··· Records for this exercise

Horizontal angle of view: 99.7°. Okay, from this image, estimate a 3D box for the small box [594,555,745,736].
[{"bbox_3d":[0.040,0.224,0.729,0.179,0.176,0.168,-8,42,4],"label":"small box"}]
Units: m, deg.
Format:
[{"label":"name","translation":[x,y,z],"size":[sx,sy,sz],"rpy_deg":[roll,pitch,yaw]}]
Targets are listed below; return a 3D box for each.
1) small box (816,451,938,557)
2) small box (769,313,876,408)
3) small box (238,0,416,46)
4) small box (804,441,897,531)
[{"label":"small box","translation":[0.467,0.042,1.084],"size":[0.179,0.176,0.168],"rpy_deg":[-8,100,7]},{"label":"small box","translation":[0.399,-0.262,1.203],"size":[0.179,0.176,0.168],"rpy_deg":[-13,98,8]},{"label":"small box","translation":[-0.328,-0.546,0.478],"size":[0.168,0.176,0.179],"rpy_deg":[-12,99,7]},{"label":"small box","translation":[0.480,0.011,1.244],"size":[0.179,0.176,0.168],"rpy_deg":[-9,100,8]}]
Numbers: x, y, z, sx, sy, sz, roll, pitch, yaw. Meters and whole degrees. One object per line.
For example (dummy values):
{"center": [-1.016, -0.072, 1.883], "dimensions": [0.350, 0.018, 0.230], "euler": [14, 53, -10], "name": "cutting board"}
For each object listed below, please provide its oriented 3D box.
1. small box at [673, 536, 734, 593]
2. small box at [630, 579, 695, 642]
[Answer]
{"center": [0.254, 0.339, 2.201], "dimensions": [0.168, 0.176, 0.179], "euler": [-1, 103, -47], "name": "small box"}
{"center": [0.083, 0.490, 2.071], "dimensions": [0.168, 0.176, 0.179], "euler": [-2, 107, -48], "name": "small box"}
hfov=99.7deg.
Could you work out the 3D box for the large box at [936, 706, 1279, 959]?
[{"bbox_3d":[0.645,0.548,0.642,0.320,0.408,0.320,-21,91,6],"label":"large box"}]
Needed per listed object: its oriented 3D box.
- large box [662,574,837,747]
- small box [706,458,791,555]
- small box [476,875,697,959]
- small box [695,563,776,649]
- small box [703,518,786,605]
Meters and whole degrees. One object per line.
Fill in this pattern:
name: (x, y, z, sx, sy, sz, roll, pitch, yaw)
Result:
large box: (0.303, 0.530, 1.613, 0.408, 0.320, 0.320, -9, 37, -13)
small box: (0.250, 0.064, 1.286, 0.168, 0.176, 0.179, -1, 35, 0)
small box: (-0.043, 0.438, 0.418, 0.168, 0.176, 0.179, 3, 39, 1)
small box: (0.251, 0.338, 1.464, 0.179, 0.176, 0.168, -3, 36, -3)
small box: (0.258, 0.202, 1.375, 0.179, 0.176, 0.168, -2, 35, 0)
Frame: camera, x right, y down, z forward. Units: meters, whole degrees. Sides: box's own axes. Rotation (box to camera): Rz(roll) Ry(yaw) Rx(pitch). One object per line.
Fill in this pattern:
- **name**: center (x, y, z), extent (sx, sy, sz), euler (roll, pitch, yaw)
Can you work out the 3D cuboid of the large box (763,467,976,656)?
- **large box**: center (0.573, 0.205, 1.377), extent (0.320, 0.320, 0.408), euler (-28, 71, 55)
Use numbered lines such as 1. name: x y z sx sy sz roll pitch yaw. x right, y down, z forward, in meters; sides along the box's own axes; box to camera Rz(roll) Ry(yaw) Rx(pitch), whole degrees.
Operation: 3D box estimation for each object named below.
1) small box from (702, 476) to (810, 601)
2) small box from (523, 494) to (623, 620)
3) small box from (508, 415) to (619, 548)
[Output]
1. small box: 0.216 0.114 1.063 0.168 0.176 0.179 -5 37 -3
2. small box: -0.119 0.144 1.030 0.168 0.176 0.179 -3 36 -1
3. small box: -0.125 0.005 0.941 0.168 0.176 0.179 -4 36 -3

······

### Assignment:
Repeat the lines above, from the one containing "- small box [703,518,786,605]" to the final line, word for word and with nothing else.

### Result for this exercise:
- small box [703,518,786,605]
Meters and whole degrees. One object per line.
Fill in this pattern:
name: (x, y, z, sx, sy, sz, roll, pitch, yaw)
Result:
large box: (0.303, 0.530, 1.613, 0.408, 0.320, 0.320, -9, 37, -13)
small box: (0.250, 0.064, 1.286, 0.168, 0.176, 0.179, -1, 35, 0)
small box: (-0.043, 0.438, 0.418, 0.168, 0.176, 0.179, 3, 39, 1)
small box: (0.251, 0.338, 1.464, 0.179, 0.176, 0.168, -3, 36, -3)
small box: (0.258, 0.202, 1.375, 0.179, 0.176, 0.168, -2, 35, 0)
Frame: camera, x right, y down, z forward. Units: meters, whole degrees. Sides: box's own axes. Rotation (box to camera): Rz(roll) Ry(yaw) Rx(pitch). One object per line.
Fill in this pattern:
- **name**: center (x, y, z), extent (sx, sy, sz), euler (roll, pitch, yaw)
Can you work out the 3D cuboid of the large box (763,467,976,656)?
- **large box**: center (0.573, 0.205, 1.377), extent (0.320, 0.320, 0.408), euler (-28, 71, 55)
Use numbered lines such as 1. name: x y z sx sy sz roll pitch yaw. x right, y down, z forward, in meters; sides along the box's own axes; box to camera Rz(roll) Ry(yaw) Rx(pitch), whole degrees.
Operation: 3D box estimation for each object named below.
1) small box from (702, 476) to (810, 601)
2) small box from (523, 494) to (623, 620)
3) small box from (508, 415) to (619, 548)
[Output]
1. small box: 0.216 0.114 1.063 0.168 0.176 0.179 -5 37 -3
2. small box: -0.119 0.144 1.030 0.168 0.176 0.179 -3 36 -1
3. small box: -0.125 0.005 0.941 0.168 0.176 0.179 -4 36 -3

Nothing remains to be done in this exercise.